> [Data provided]
□ □ □ □
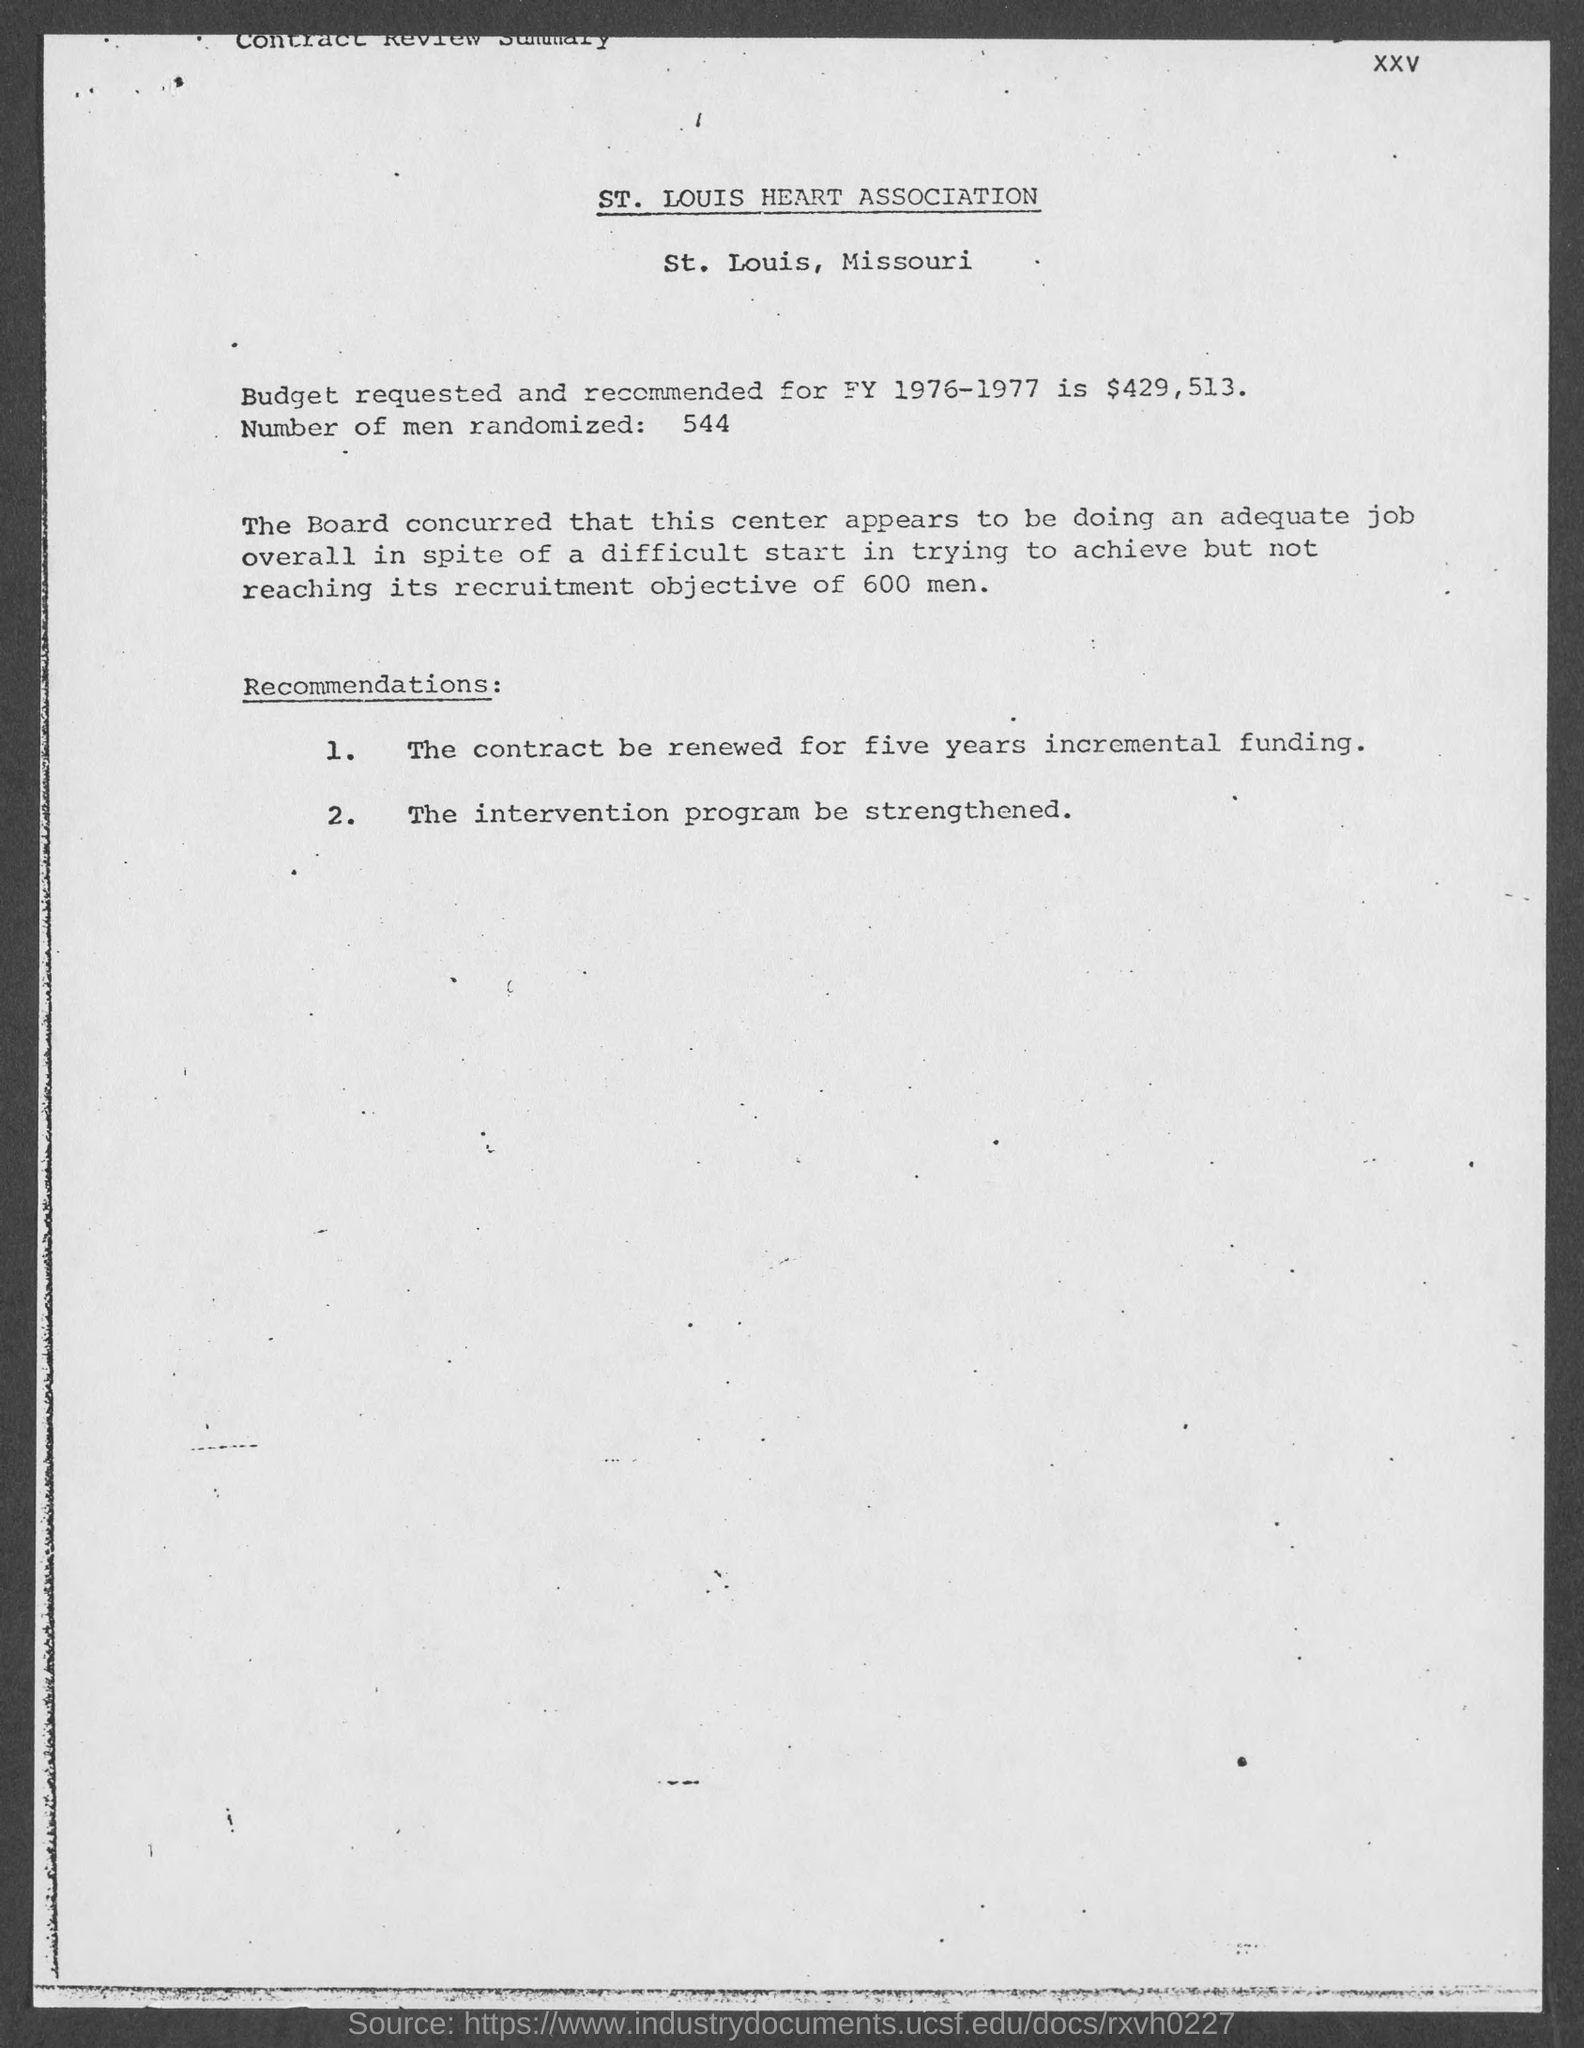Which association's contract review summary is this?
Offer a very short reply. ST. LOUIS HEART ASSOCIATION. What is the number of men randomized as per the document?
Make the answer very short. 544. 
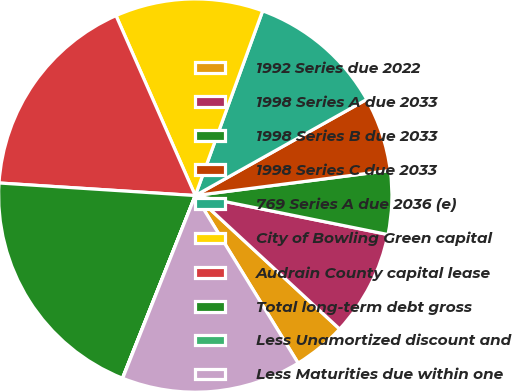Convert chart. <chart><loc_0><loc_0><loc_500><loc_500><pie_chart><fcel>1992 Series due 2022<fcel>1998 Series A due 2033<fcel>1998 Series B due 2033<fcel>1998 Series C due 2033<fcel>769 Series A due 2036 (e)<fcel>City of Bowling Green capital<fcel>Audrain County capital lease<fcel>Total long-term debt gross<fcel>Less Unamortized discount and<fcel>Less Maturities due within one<nl><fcel>4.36%<fcel>8.7%<fcel>5.22%<fcel>6.09%<fcel>11.3%<fcel>12.17%<fcel>17.38%<fcel>19.98%<fcel>0.02%<fcel>14.78%<nl></chart> 
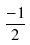Convert formula to latex. <formula><loc_0><loc_0><loc_500><loc_500>\frac { - 1 } { 2 }</formula> 
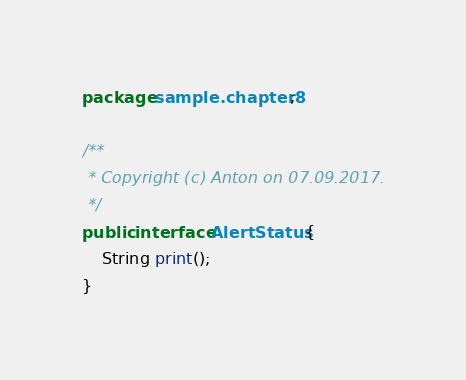Convert code to text. <code><loc_0><loc_0><loc_500><loc_500><_Java_>package sample.chapter8;

/**
 * Copyright (c) Anton on 07.09.2017.
 */
public interface AlertStatus {
    String print();
}
</code>
□ □ □ □
> [What to work on]
Using the records above, copy exactly and only the lines from the line with "Series due 2022<fcel>1998" through the end, both included; leave every picture out.

> [Result of this exercise]
Convert chart. <chart><loc_0><loc_0><loc_500><loc_500><pie_chart><fcel>1992 Series due 2022<fcel>1998 Series A due 2033<fcel>1998 Series B due 2033<fcel>1998 Series C due 2033<fcel>769 Series A due 2036 (e)<fcel>City of Bowling Green capital<fcel>Audrain County capital lease<fcel>Total long-term debt gross<fcel>Less Unamortized discount and<fcel>Less Maturities due within one<nl><fcel>4.36%<fcel>8.7%<fcel>5.22%<fcel>6.09%<fcel>11.3%<fcel>12.17%<fcel>17.38%<fcel>19.98%<fcel>0.02%<fcel>14.78%<nl></chart> 
Convert formula to latex. <formula><loc_0><loc_0><loc_500><loc_500>\frac { - 1 } { 2 }</formula> 
Convert code to text. <code><loc_0><loc_0><loc_500><loc_500><_Java_>package sample.chapter8;

/**
 * Copyright (c) Anton on 07.09.2017.
 */
public interface AlertStatus {
    String print();
}
</code>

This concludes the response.